The challenges are much greater internally. Security trimming can impact search response times, as can federated search implementations. There is more to technical performance than minimizing query response times — attention needs to be paid to crawl and indexing speeds and the speed with which the main search index is updated.

Retrieval Performance

Now we are in the area of relevance, recall and precision. Relevance is very subjective. Two users with similar skills and roles and even office locations, may take a very different view on the relevance of a set of results. This may increasingly be the case with mobile search where consumer applications set the expectation that the search will be refined based on location.

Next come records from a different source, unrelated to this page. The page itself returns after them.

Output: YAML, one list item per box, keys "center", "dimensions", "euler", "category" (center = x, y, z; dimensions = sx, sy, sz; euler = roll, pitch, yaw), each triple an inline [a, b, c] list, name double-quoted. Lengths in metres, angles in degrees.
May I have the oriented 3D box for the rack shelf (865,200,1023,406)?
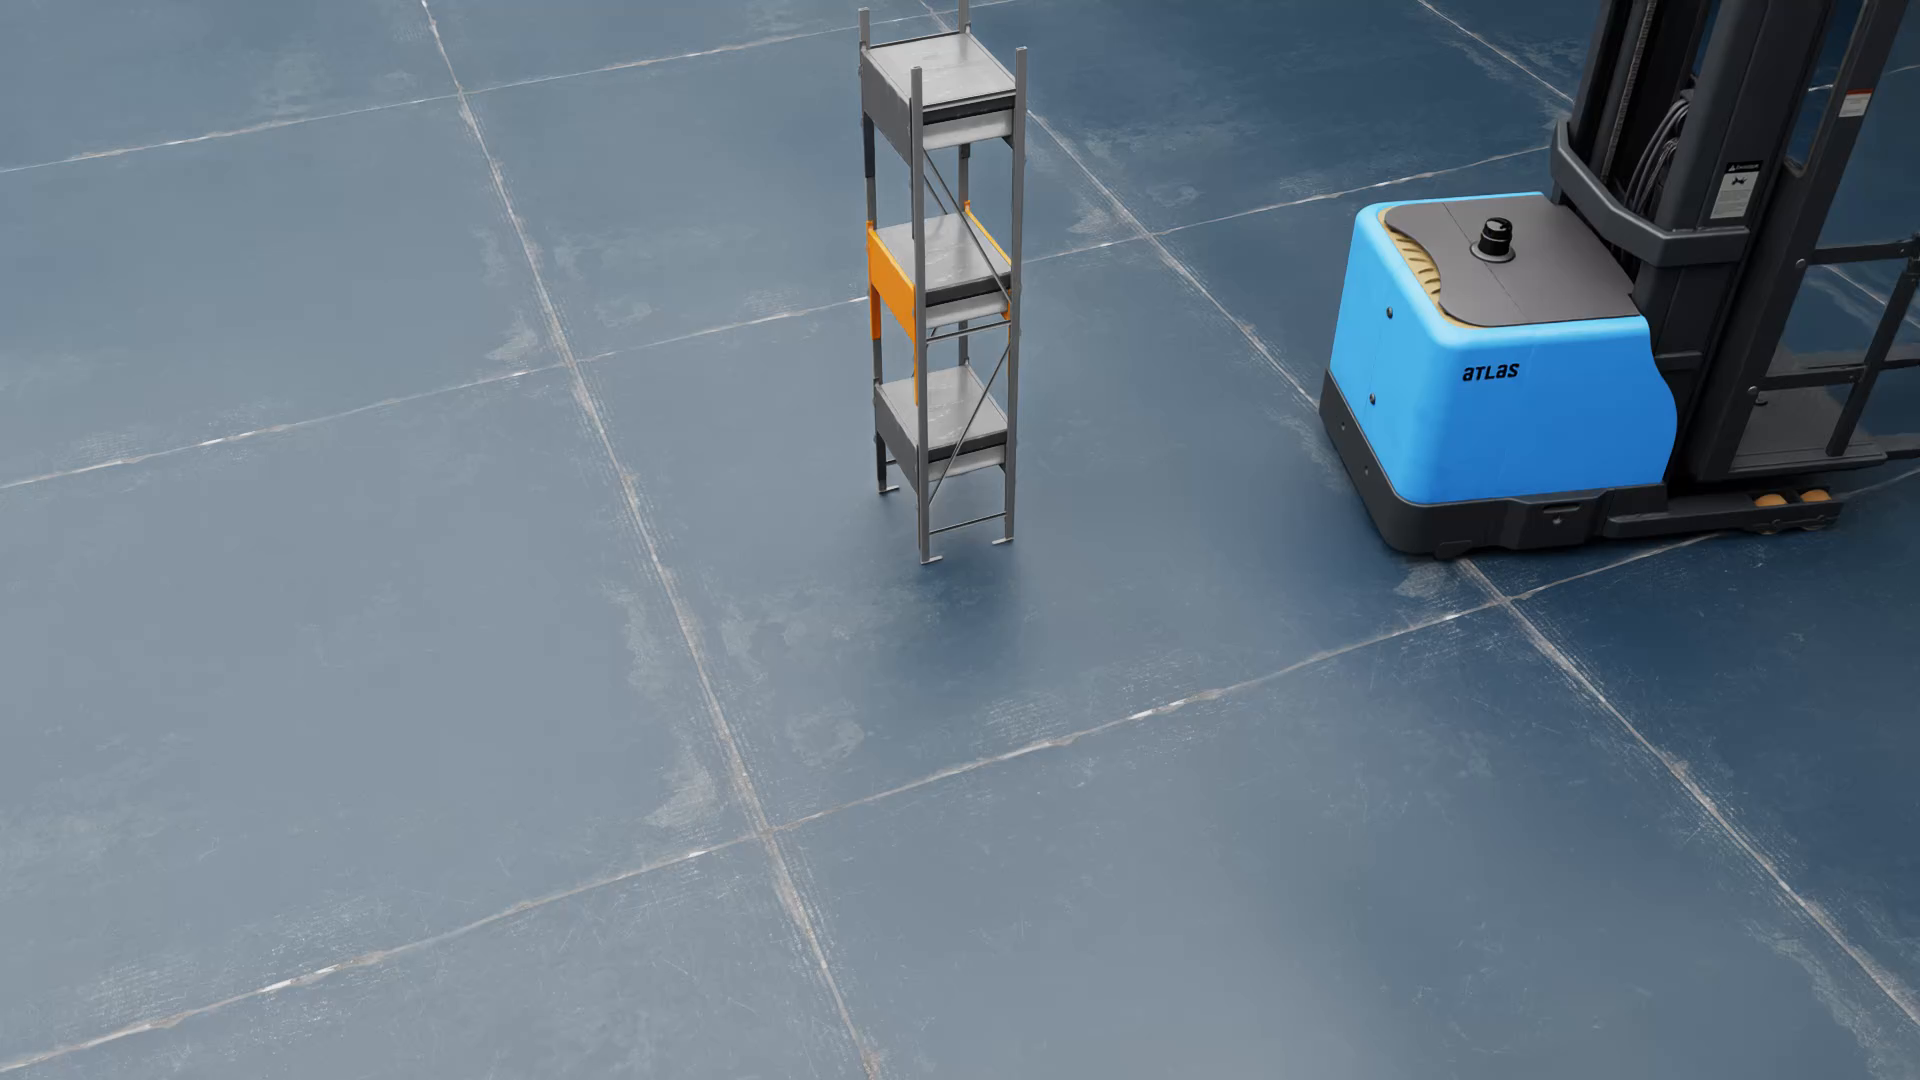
- center: [-0.063, -0.885, 6.190]
  dimensions: [0.431, 0.518, 0.480]
  euler: [-15, 43, -17]
  category: "rack shelf"

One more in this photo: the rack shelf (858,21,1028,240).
- center: [-0.063, -1.416, 5.734]
  dimensions: [0.431, 0.518, 0.480]
  euler: [-15, 43, -17]
  category: "rack shelf"

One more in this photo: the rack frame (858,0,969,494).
- center: [-0.157, -1.043, 6.352]
  dimensions: [0.400, 2.100, 0.015]
  euler: [-15, 43, -17]
  category: "rack frame"

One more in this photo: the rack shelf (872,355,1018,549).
- center: [-0.063, -0.355, 6.647]
  dimensions: [0.431, 0.518, 0.480]
  euler: [-15, 43, -17]
  category: "rack shelf"

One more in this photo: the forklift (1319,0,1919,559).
- center: [3.132, -1.472, 6.213]
  dimensions: [3.031, 2.935, 1.130]
  euler: [-5, 41, -6]
  category: "forklift"

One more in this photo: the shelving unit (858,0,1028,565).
- center: [-0.063, -0.896, 6.181]
  dimensions: [0.431, 2.100, 0.503]
  euler: [-15, 43, -17]
  category: "shelving unit"

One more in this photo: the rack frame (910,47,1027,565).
- center: [0.030, -0.749, 6.010]
  dimensions: [0.400, 2.100, 0.015]
  euler: [-15, 43, -17]
  category: "rack frame"

Recall is a measure of the percentage of relevant results returned as a percentage of all relevant results in the collection. In most cases there is no way of knowing how many relevant results are in the collection so this measure has significant limitations, especially with very large collections of documents. At least one major law firm has over 1 billion documents. When a user is trying to achieve high recall they will use very high level search terms, such as "drill," and then either use filters and facets to narrow down the search scope or take an entirely different query route based on a review of the initial set of results.

Precision is defined as the percentage of relevant documents presented in a set of results. This is easier to assess and can be extended to the "early precision measure" — the number of relevant results in (say) the first 20 listed. Where there is a requirement for a high degree of precision, the query will often be more complex or make use of high-quality metadata such as Speed 32 ASD as the product name for the drill. The different query approaches between precision and recall also mean that achieving high recall and high precision is not possible.

Some surveys use the term "accurate" as a search performance adjective without defining what the term means. In a recent survey released by Varonis "accuracy" is defined as getting the right results, but what does "right" mean in this context?

The most useless metric is the time taken to complete a search. All too often businesses decide to invest in new technology to reduce the time spent on search and so improve productivity. Defining the start and end times of a search is impossible and getting a list of results is of no value if the bandwidth to the document servers is so poor that working through the first page of results takes for ever.

Impact Performance

In the final assessment the key metric is whether the search application helps the user make a better decision by enabling them to find the needed information. This cannot be assessed through any analytics measure because search may have only played a small, but important role in the decision making process.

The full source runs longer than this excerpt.